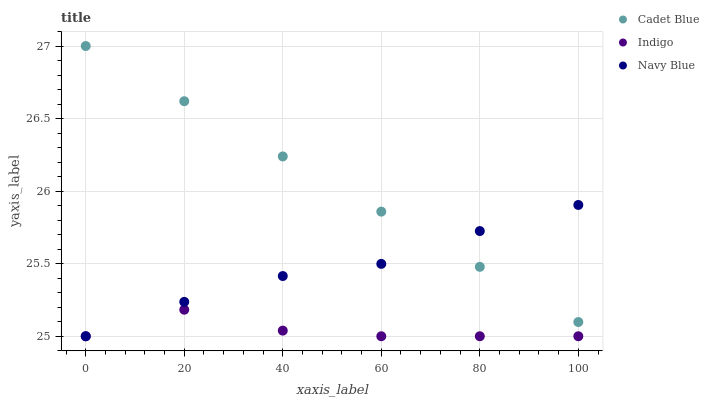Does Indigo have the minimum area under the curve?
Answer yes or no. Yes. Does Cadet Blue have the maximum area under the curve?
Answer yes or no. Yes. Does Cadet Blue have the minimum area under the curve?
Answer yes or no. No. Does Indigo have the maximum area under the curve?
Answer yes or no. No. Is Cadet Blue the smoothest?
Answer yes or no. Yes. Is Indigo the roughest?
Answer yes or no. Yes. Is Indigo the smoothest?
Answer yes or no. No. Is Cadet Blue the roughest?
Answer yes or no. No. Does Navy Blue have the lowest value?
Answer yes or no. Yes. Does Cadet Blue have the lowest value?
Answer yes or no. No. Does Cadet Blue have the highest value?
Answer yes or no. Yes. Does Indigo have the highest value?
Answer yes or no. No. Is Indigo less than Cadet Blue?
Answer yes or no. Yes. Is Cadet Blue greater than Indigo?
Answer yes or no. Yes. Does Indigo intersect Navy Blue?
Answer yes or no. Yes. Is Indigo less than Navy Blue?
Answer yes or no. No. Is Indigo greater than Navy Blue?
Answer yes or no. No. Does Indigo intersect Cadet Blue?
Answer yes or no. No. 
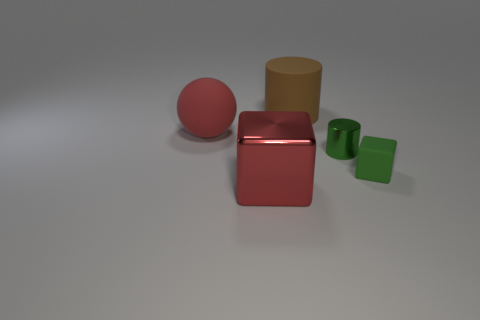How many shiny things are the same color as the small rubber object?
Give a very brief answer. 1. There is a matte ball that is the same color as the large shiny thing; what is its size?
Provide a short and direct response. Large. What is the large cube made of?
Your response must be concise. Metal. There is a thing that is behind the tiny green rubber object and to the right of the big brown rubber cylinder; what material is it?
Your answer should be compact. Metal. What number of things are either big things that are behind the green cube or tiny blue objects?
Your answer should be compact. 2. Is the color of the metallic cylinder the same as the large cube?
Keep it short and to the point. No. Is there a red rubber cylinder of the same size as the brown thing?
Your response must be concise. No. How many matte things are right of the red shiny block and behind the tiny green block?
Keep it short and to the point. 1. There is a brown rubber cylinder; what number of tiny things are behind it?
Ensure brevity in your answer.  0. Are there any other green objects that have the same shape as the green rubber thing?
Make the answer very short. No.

→ TASK PROMPT: The answer must consist of every line from the records above that holds "greater".

→ WRITTEN SOLUTION:
Answer yes or no. Yes. Is Cadet Blue greater than Indigo?
Answer yes or no. No. Is Indigo greater than Navy Blue?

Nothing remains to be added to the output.